By Crusader (24, Arnold, Missouri)

Sprawled out with legs in the air or spread apart, arms flailed out lifelessly, bleeding on the pavement and the walls of back alleys and surrounded by pipes, filth, and plastic wrap, the women in these scenes could be from a grisly serial murder-rapist case file.
Except for the come-hither, smoldering gazes on the victims’ faces.
After America’s Next Top Model ran this dead model episode, one has to wonder what they were really going for. Claiming that the models were killed by other models (who must have been sadist, rapist, and/or serial killer models, judging by the photos), the show ran images of the women beaten, shot, strangled, drowned, stabbed, and decapitated.
Such shameless dehumanization of women is exactly the opposite of what the planet needs.
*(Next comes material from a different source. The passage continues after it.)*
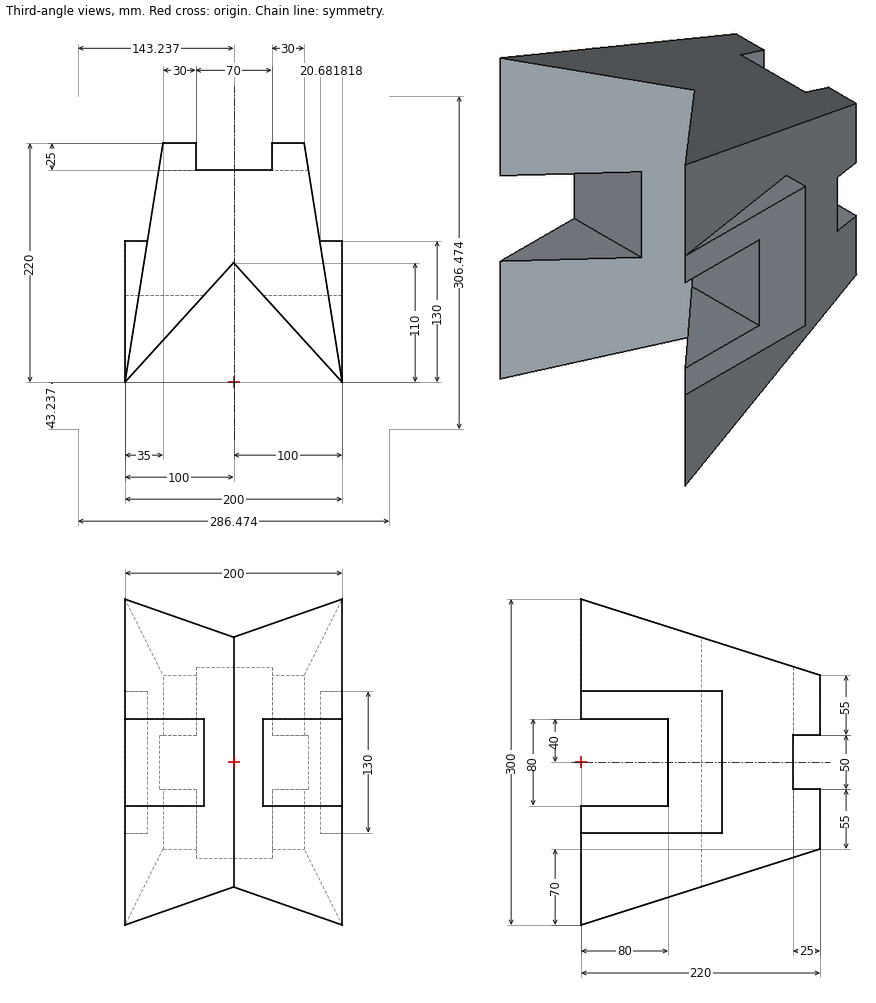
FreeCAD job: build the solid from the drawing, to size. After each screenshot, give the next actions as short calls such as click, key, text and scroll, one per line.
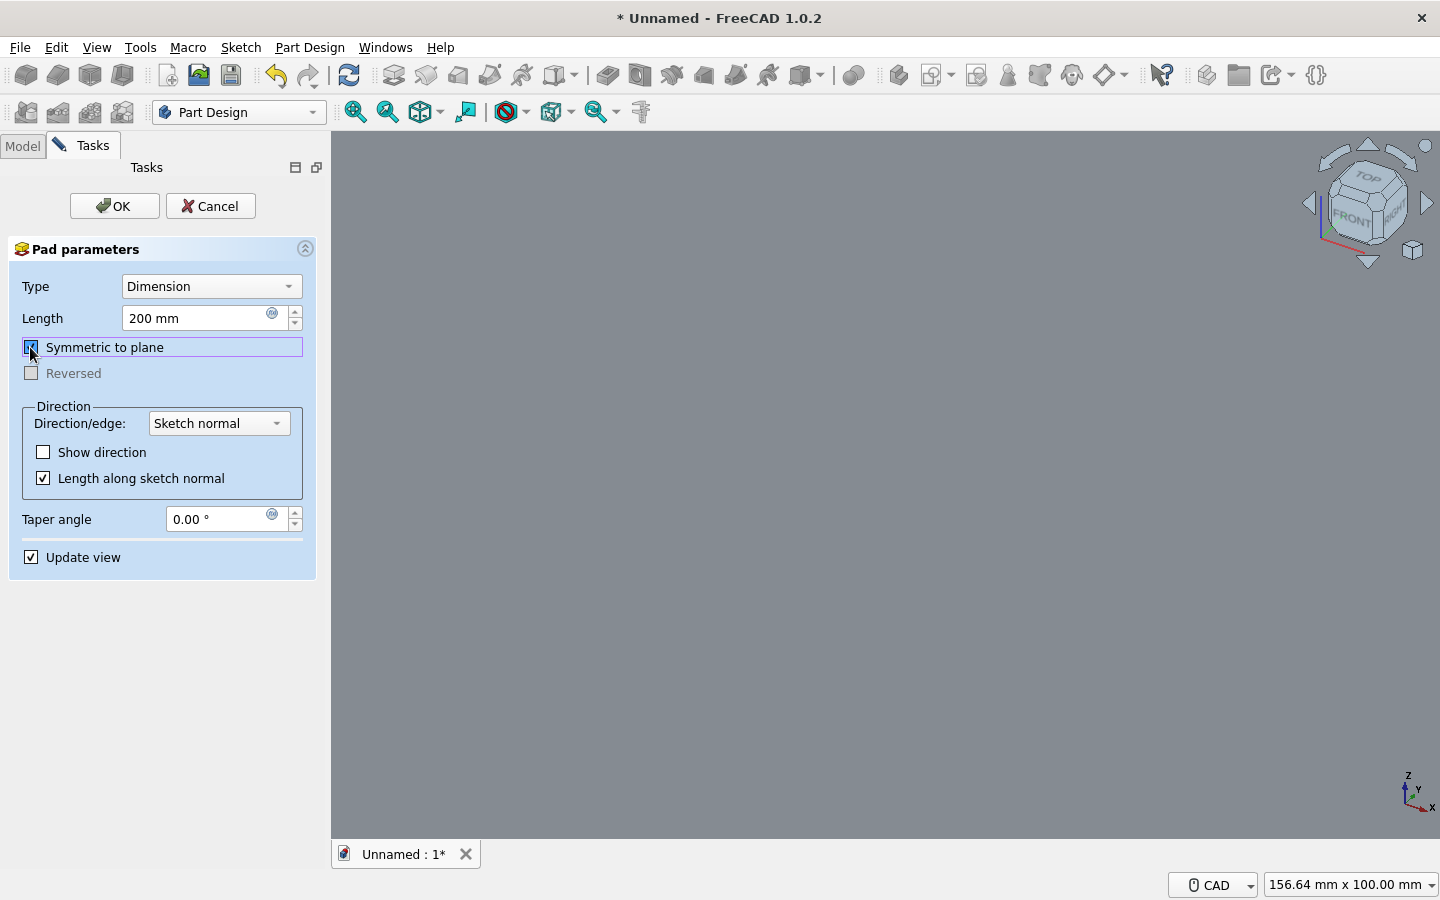
click(115, 206)

With someone sexually assaulted every 2.5 minutes in North America alone, 1 in 6 women being assaulted in her lifetime, 2 to 4 million being battered each year, and 4 women dying every day due to domestic violence in America alone, what better way to combat it all than glamorize images of dead, abused, battered women—and call it “beautiful”?
Tell these extollers of the dead female body exactly what you think of them and their show—send an email to them at feedback@CWTV.com. Want to send them snail mail, which can be more effective?
Write to:
Dawn Ostroff
11800 Wilshire Blvd.
Los Angeles, CA 90025
If you need talking points, you can alter the sample letter below that I sent the CW. You can also call them at, and contact Tyra Banks at:
Tyra Banks
c/o Studio Fan Mail
1122 S. Robertson Blv. #15
Los Angels, CA 90035
tyrabanks@studiofanmail.com
Crusader's Letter to the CW:
To Whom it May Concern:
I am beyond appalled and offended by your recent episode of “America’s Next Top Model” that featured models posing as mutilated and beaten murder victims.
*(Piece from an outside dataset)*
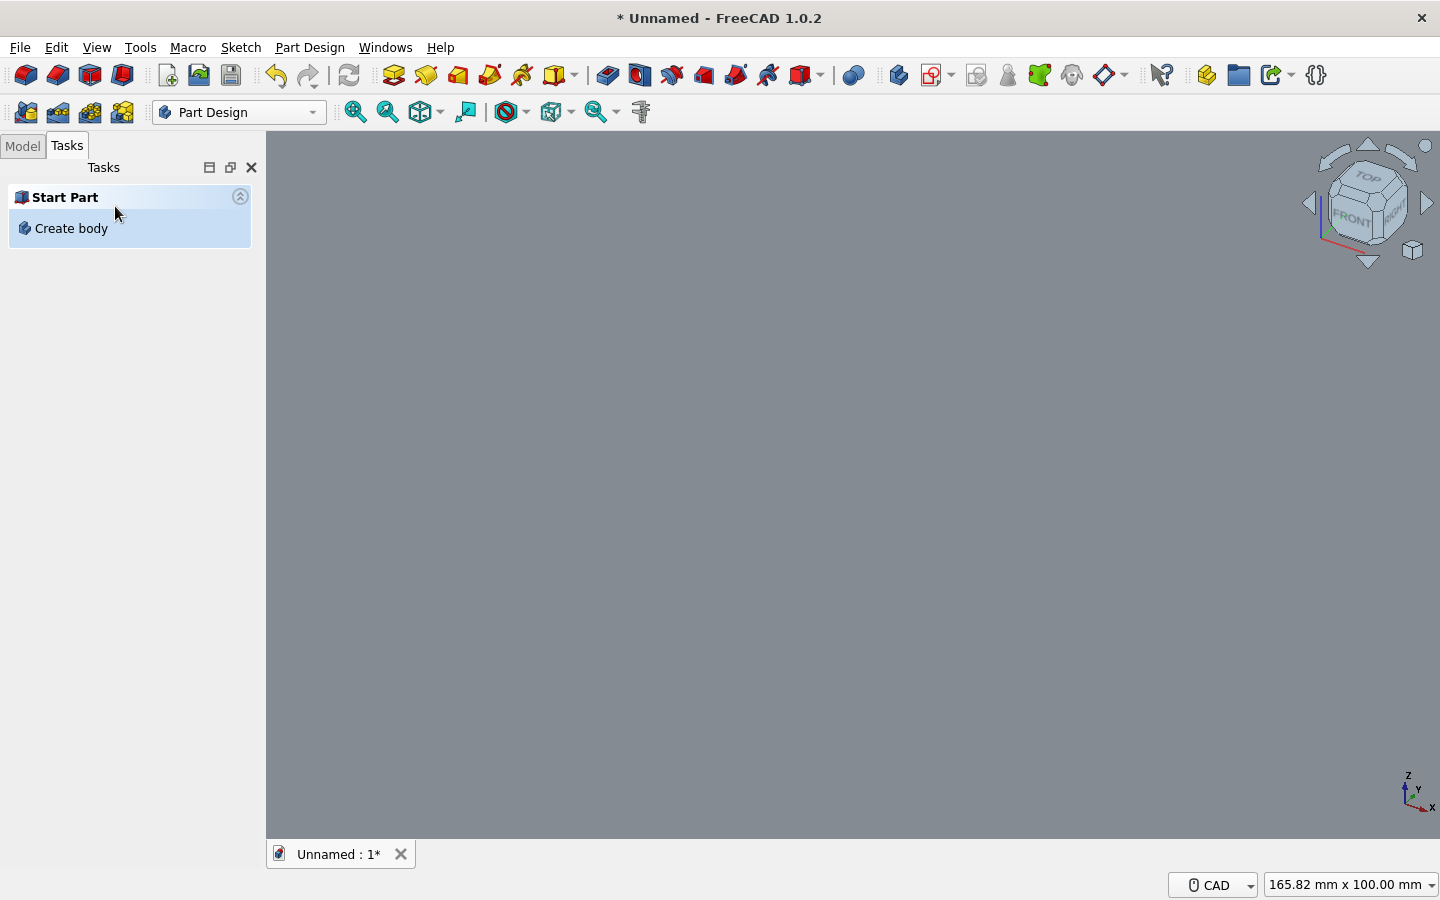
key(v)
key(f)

This grotesque dehumanization of women glorifies the very serious and reprehensible acts of violence taken against women every day. A person is sexually assaulted every 2.5 minutes in North America alone. 1 in 6 women will be assaulted in her lifetime. 2 to 4 million women are battered each year, and 4 women die every day due to domestic violence in America alone. How dare you take these acts, portray them with models, and call them “beautiful”?
Here’s a thought: for your next segment, why don’t you guys just air an all-live clitorectomy? Certainly your models will weigh even less without their clitorises, and think of the loveliness! I can hear the judges already: “Clitlessness becomes you;” or, “What’s great about this is that you can also look beautiful with a sewed-up cunt.”
Certainly nothing is too far in the name of art or beauty—why not take it this far? And since models have to do live work, too, it makes all the sense more to have them enact live violence. Perhaps a stoning is in the works for a future episode? Nothing like a good stoning to showcase such gorified beauty! Or to simply build upon the episode they’ve already done, live abuse and rape could be filmed on location. Tyra Banks might have said, “A smart model is a good model,” but perhaps a dead model will suffice.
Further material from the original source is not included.